Your task → If an entry holds a picture, leave the picture out and copy the rest exactly.

#### Data listing

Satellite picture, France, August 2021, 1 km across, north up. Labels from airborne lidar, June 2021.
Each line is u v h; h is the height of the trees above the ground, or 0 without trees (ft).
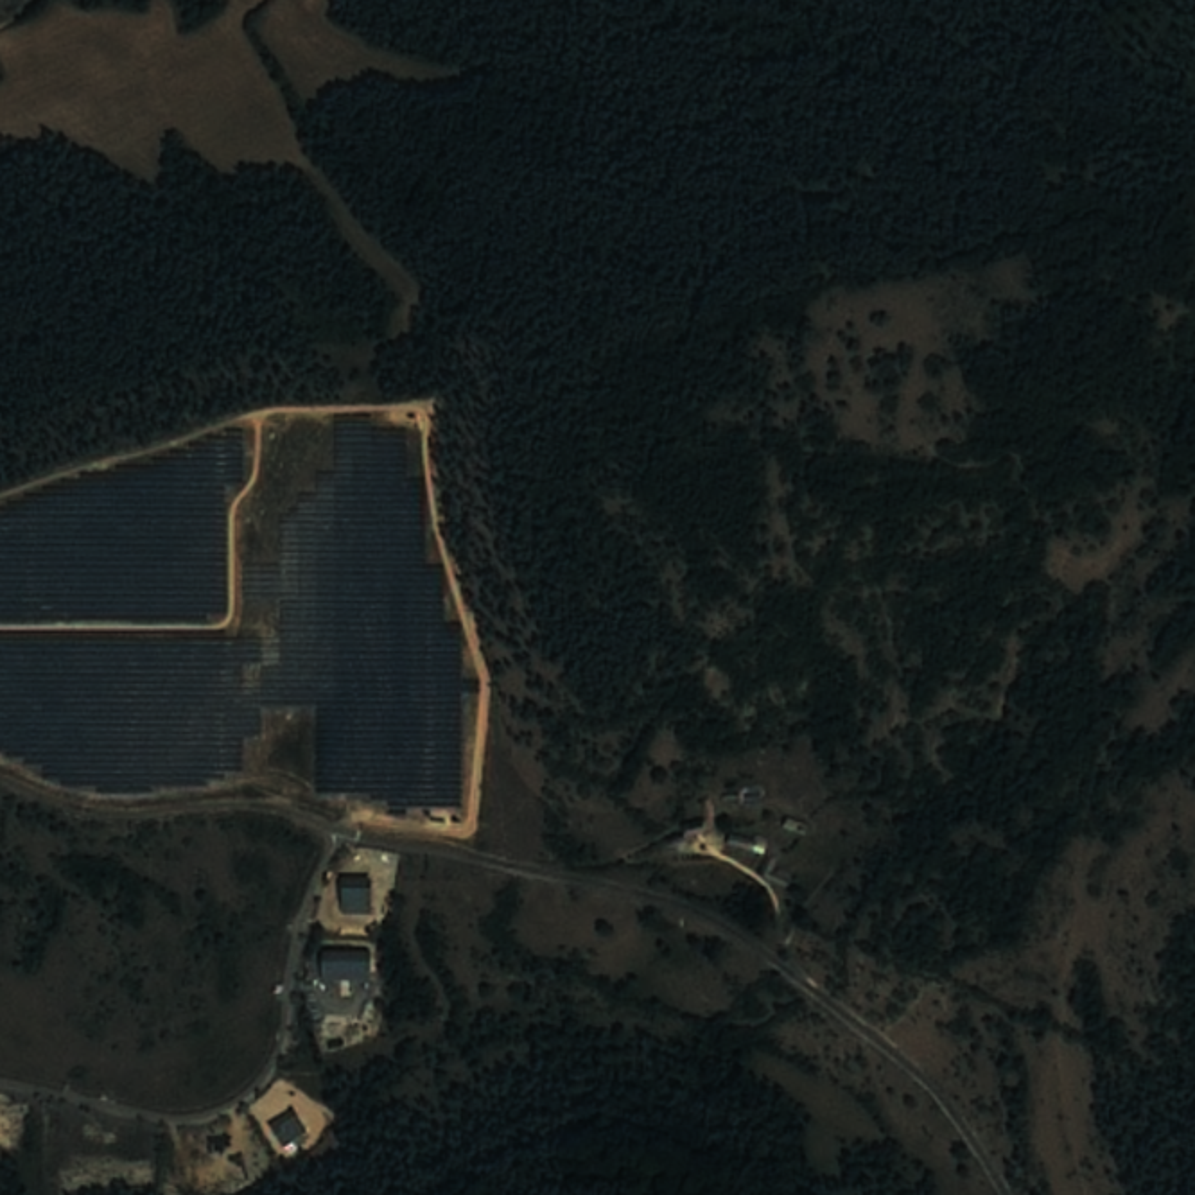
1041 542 20
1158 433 30
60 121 0
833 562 25
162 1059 0
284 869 0
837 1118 0
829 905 0
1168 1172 57
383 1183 64
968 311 0
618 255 38
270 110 0
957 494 26
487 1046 32
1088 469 31
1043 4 44
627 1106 51
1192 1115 27
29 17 33
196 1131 0
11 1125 0
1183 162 40
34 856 0
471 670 0
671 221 66
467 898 0
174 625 0
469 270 58
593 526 24
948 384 0
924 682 22
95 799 0
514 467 40
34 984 0
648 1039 45
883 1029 0
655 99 68
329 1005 0
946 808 27
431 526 0
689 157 73
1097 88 34
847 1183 26
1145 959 0
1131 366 37
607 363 22
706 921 0
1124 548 0
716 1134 78
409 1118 22
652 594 23
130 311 63
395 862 0
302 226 40
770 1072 0
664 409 31
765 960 0
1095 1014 22
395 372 35
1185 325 29
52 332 56
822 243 51
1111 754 26
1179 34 39
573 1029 38
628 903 0
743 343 29
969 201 60
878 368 28
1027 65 22
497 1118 37
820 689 31
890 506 40
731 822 31
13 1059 0
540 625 34
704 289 61
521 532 37
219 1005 0
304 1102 0
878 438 0
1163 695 0
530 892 0
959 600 20
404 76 0
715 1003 0
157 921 0
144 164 0
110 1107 0
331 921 0
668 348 23
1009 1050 31
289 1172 57
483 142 52
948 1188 0
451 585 0
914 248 31
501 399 41
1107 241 46
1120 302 35
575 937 0
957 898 25
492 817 0
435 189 48
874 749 19
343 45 0
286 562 0
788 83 57
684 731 31
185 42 0
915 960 28
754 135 61
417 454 0
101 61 0
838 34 37
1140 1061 25
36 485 0
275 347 46
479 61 47
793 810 0
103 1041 0
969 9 44
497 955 29
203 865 0
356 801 0
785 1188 78
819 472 27
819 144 37
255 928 0
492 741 0
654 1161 102
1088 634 38
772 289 53
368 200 37
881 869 21
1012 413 35
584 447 26
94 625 0
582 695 27
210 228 39
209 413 42
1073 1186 0
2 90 0
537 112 64
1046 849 31
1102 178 30
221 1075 0
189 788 0
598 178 51
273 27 0
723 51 47
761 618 26
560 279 62
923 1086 0
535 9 54
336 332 0
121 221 58
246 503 0
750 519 29
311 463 0
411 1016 21
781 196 65
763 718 26
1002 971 0
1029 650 19
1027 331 37
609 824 0
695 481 31
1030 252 32
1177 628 35
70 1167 0
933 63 39
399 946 22
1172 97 41
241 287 47
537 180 57
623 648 39
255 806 0
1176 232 18
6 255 33
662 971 0
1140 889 0
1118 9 41
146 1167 0
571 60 59
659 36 53
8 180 57
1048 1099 0
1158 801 0
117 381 58
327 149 29
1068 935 0
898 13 58
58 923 18
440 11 47
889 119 43
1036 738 22
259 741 0
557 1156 56
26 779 0
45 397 47
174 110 0
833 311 0
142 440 43
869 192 30
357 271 34
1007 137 53

########

The completed task →
Satellite picture, France, August 2021, 1 km across, north up. Labels from airborne lidar, June 2021.
Each line is u v h; h is the height of the trees above the ground, or 0 without trees (ft).
1041 542 20
1158 433 30
60 121 0
833 562 25
162 1059 0
284 869 0
837 1118 0
829 905 0
1168 1172 57
383 1183 64
968 311 0
618 255 38
270 110 0
957 494 26
487 1046 32
1088 469 31
1043 4 44
627 1106 51
1192 1115 27
29 17 33
196 1131 0
11 1125 0
1183 162 40
34 856 0
471 670 0
671 221 66
467 898 0
174 625 0
469 270 58
593 526 24
948 384 0
924 682 22
95 799 0
514 467 40
34 984 0
648 1039 45
883 1029 0
655 99 68
329 1005 0
946 808 27
431 526 0
689 157 73
1097 88 34
847 1183 26
1145 959 0
1131 366 37
607 363 22
706 921 0
1124 548 0
716 1134 78
409 1118 22
652 594 23
130 311 63
395 862 0
302 226 40
770 1072 0
664 409 31
765 960 0
1095 1014 22
395 372 35
1185 325 29
52 332 56
822 243 51
1111 754 26
1179 34 39
573 1029 38
628 903 0
743 343 29
969 201 60
878 368 28
1027 65 22
497 1118 37
820 689 31
890 506 40
731 822 31
13 1059 0
540 625 34
704 289 61
521 532 37
219 1005 0
304 1102 0
878 438 0
1163 695 0
530 892 0
959 600 20
404 76 0
715 1003 0
157 921 0
144 164 0
110 1107 0
331 921 0
668 348 23
1009 1050 31
289 1172 57
483 142 52
948 1188 0
451 585 0
914 248 31
501 399 41
1107 241 46
1120 302 35
575 937 0
957 898 25
492 817 0
435 189 48
874 749 19
343 45 0
286 562 0
788 83 57
684 731 31
185 42 0
915 960 28
754 135 61
417 454 0
101 61 0
838 34 37
1140 1061 25
36 485 0
275 347 46
479 61 47
793 810 0
103 1041 0
969 9 44
497 955 29
203 865 0
356 801 0
785 1188 78
819 472 27
819 144 37
255 928 0
492 741 0
654 1161 102
1088 634 38
772 289 53
368 200 37
881 869 21
1012 413 35
584 447 26
94 625 0
582 695 27
210 228 39
209 413 42
1073 1186 0
2 90 0
537 112 64
1046 849 31
1102 178 30
221 1075 0
189 788 0
598 178 51
273 27 0
723 51 47
761 618 26
560 279 62
923 1086 0
535 9 54
336 332 0
121 221 58
246 503 0
750 519 29
311 463 0
411 1016 21
781 196 65
763 718 26
1002 971 0
1029 650 19
1027 331 37
609 824 0
695 481 31
1030 252 32
1177 628 35
70 1167 0
933 63 39
399 946 22
1172 97 41
241 287 47
537 180 57
623 648 39
255 806 0
1176 232 18
6 255 33
662 971 0
1140 889 0
1118 9 41
146 1167 0
571 60 59
659 36 53
8 180 57
1048 1099 0
1158 801 0
117 381 58
327 149 29
1068 935 0
898 13 58
58 923 18
440 11 47
889 119 43
1036 738 22
259 741 0
557 1156 56
26 779 0
45 397 47
174 110 0
833 311 0
142 440 43
869 192 30
357 271 34
1007 137 53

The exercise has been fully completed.